Friday, November 22, 2013

The Tyranny of Strategy

The Magazine - December 2013


by Tim Sullivan
Satan was rhetorically gifted enough to persuade a third of the angels to turn against God. He was charismatic enough to raise his troops’ morale in the face of their first defeat. He was sage enough to persuade his captains to continue the fight using his plan. He was cunning enough to trick the ever-vigilant guardians of Heaven, sneak into the Garden of Eden, and corrupt humanity. And he is, throughout John Milton’s Paradise Lost, by far the most interesting character, a vivid contrast to the pedantic, boring God the Father.
But Satan didn’t think things through. He neglected to develop a framework for understanding the world that would help guide him and his followers, and he conveniently forgot that he was, after all, fighting the Almighty. When he began his rebellion, he was already doomed.
What Satan lacked was a strategy. Maybe he should have called McKinsey.
Satan-as-failed-strategist is not my idea. It belongs to Lawrence Freedman, a professor of war studies at King’s College, London, and the author of a new doorstop of a book, Strategy: A History. Its publication provides us with an opportunity to step back and think about how the idea and practice of strategy have affected—and increasingly infiltrated—our lives.
MBA programs have been teaching strategy to future executives since Harvard’s Graduate School of Business Administration opened its doors, in 1908. The 1960s saw the rise of consultants who sell us their strategic services, and they’ve proliferated in the years since. We’re awash in books on the topic, too: Amazon lists 672 hardcover business titles with the keyword “strategy” published this year, up from 637 in 2012, 446 in 2003, 250 in 1993, and 55 in 1983.
Strategy seems to have attached itself, barnaclelike, to everything. Don’t just plan—develop a strategic plan. Don’t just open a Twitter account—adopt a social media strategy. Tired and stressed? Hone your work/life strategy.
We decry those who, like Satan, act without a strategy. Their behavior is merely a gambit, a trick, a ploy—admirable in its riskiness, perhaps, but fundamentally without substance. Even if it turns out well, it’s not replicable and therefore provides no guide for future action. Going to work without a strategy is like showing up without your trousers. As a consequence, the very idea of strategy threatens to become meaningless even as it overwhelms us. So perhaps it’s time to examine its roots and resurrect and prescribe its meaning, or at least its pieces. Freedman’s engaging portraits of some of history’s nontraditional strategic thinkers help us do just that.
John Milton—someone who rarely (never?) shows up in strategy books—is a good place to start.
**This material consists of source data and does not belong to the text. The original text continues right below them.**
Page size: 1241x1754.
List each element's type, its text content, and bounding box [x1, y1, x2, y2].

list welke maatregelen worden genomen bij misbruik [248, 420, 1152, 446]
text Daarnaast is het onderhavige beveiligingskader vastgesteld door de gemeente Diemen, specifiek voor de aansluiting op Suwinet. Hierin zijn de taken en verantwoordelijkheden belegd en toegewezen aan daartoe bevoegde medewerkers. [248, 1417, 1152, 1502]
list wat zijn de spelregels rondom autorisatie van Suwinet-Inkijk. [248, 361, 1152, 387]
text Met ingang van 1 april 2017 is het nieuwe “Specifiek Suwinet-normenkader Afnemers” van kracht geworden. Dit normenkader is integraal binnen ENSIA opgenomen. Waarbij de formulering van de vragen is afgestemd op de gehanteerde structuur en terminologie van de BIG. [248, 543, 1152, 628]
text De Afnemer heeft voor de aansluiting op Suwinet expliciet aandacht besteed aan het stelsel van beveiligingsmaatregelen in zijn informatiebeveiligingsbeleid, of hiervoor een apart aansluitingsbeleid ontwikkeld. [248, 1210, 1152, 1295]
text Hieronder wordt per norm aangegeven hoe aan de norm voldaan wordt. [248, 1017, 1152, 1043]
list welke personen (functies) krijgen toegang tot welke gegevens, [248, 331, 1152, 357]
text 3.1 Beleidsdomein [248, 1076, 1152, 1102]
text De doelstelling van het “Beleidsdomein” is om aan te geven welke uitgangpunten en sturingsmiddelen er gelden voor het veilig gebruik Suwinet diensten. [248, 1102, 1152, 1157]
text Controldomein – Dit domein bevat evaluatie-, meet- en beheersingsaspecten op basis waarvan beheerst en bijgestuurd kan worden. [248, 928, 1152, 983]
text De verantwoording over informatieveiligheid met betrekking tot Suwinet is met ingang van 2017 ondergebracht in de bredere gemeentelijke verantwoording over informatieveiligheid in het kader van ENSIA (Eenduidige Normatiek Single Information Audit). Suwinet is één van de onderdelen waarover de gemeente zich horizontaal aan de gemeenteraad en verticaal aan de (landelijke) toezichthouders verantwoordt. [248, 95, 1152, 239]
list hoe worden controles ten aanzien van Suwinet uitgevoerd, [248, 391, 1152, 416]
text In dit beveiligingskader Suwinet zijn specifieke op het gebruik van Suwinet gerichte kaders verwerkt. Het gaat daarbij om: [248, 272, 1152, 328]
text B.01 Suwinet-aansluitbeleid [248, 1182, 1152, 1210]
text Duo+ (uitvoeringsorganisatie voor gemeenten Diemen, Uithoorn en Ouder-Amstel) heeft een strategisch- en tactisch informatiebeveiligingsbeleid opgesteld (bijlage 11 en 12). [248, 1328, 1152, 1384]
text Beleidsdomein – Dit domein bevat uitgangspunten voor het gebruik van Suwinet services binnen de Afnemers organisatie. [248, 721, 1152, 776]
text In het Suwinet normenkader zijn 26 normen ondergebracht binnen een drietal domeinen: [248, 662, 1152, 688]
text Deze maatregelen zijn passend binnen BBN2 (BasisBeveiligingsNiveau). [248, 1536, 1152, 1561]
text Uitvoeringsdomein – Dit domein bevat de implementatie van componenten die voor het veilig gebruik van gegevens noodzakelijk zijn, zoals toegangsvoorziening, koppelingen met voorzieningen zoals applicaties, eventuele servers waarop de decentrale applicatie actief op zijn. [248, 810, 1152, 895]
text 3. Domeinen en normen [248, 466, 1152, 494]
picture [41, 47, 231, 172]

His point in retelling the story of humanity’s fall from grace was to reinforce the idea of free will in the face of Calvinists, who thought of salvation, and indeed of all history, as predetermined by God. Strategy, then, rests on the belief that we all have the power to effect an end, to change the world.
It must also posit a vision for the future state of the world. In war this is easy, or at least appears so: to have triumphed over the enemy. But ideally, as 19th-century German strategist Carl von Clausewitz argued, the threat of engagement might be enough to bring an opponent to the bargaining table in a weaker position—war, after all, being the continuation of policy by other means.
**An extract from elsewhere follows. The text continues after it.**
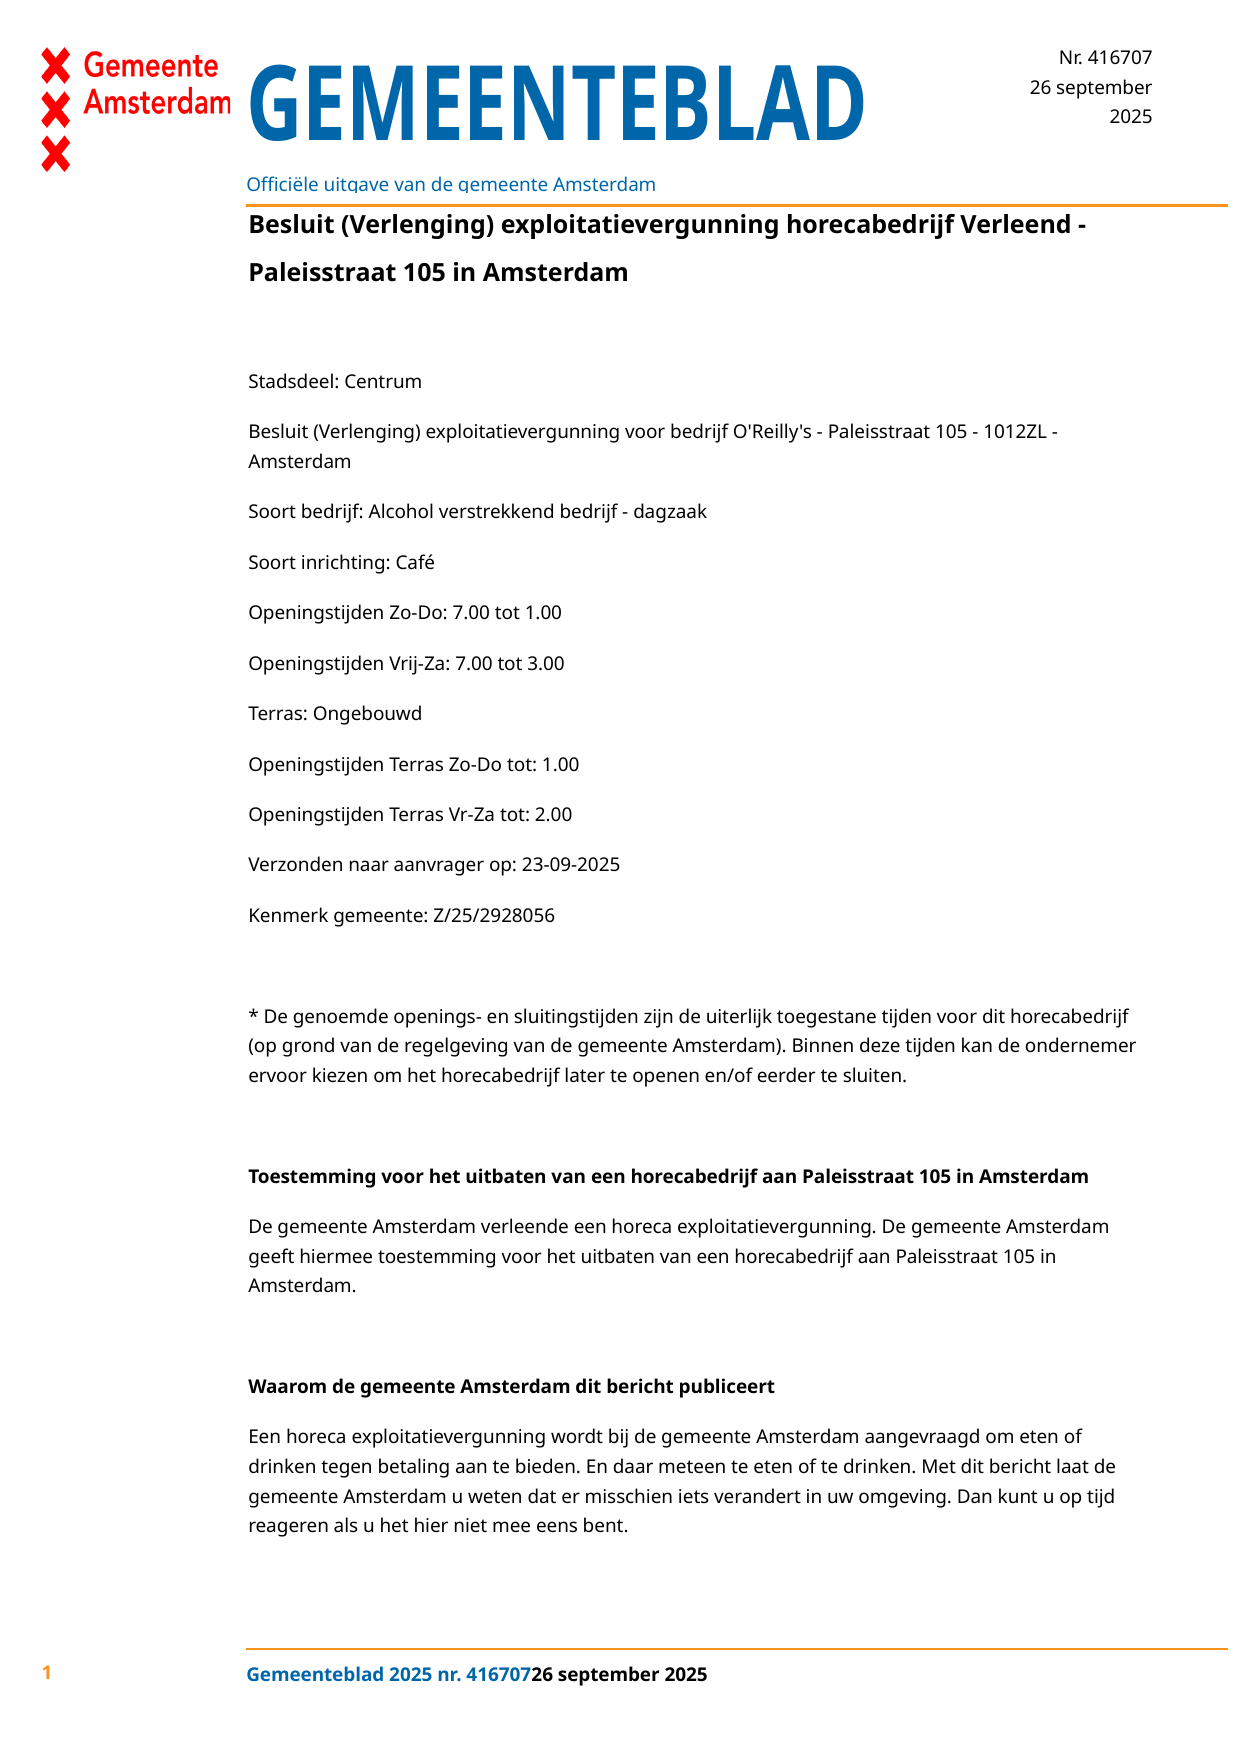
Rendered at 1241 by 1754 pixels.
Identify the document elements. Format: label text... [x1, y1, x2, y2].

Strategy requires a reasonably accurate framework for understanding how the world works so that actions can be planned accordingly. Karl Marx’s dialectic, for example, serves this purpose well. If the goal is the freedom of the proletariat, one has to envision how capital and labor interact, and from there take steps to overturn the current order. Without a framework, the strategist acts in the dark, unable to anticipate consequences.
Strategy must also account for the constraints that our beliefs can put on our actions. As Freedman points out, the Greeks celebrated Odysseus’s strategic trickery; it was his signal virtue. But the Romans decried it. For them, achieving victory by any means necessary fell outside the realm of acceptable behavior. That constraint limited their ability to think through strategic actions—no trickery for them.
Gandhi, by contrast, was able to see past traditional constraints and take effective action through unconventional means—in his case, nonviolence in the face of British power—to win the day. His knowledge of the dynamics of world politics gave him the conviction to see his gambit (can we call it that?) through to the end.
Although it allows us to construct this useful primer on strategy fundamentals and is chock-full of intriguing stories, Freedman’s book says very little about the execution of strategy, about how to follow the paths of these master strategists. He says his purpose is to “provide an account of the development of the most prominent themes in strategic theory.” And he does cover the rise of traditional business strategy. But is a history of the thinking of strategy, not the doing of it, helpful?
Performance, after all, is what counts. Fame, glory, and the chance to be featured in a book like Freedman’s come only to those strategists who step out of the world of theory into the world of action. Execution is the final element of strategy, the meat and fiber in an otherwise bloodless enterprise. Freedman fails to address it, practically speaking.
The real reason strategy is a tyrant is not that it’s a craft that requires all the elements I’ve listed above but that it’s iterative and continuous. Getting it wrong leads to a definitive end. Napoleon, despite his brilliance, ended up first on the island of Elba and eventually in the grave. Such a fate awaits even the most successful strategists.
Tim Sullivan is the editorial director at Harvard Business Review Press.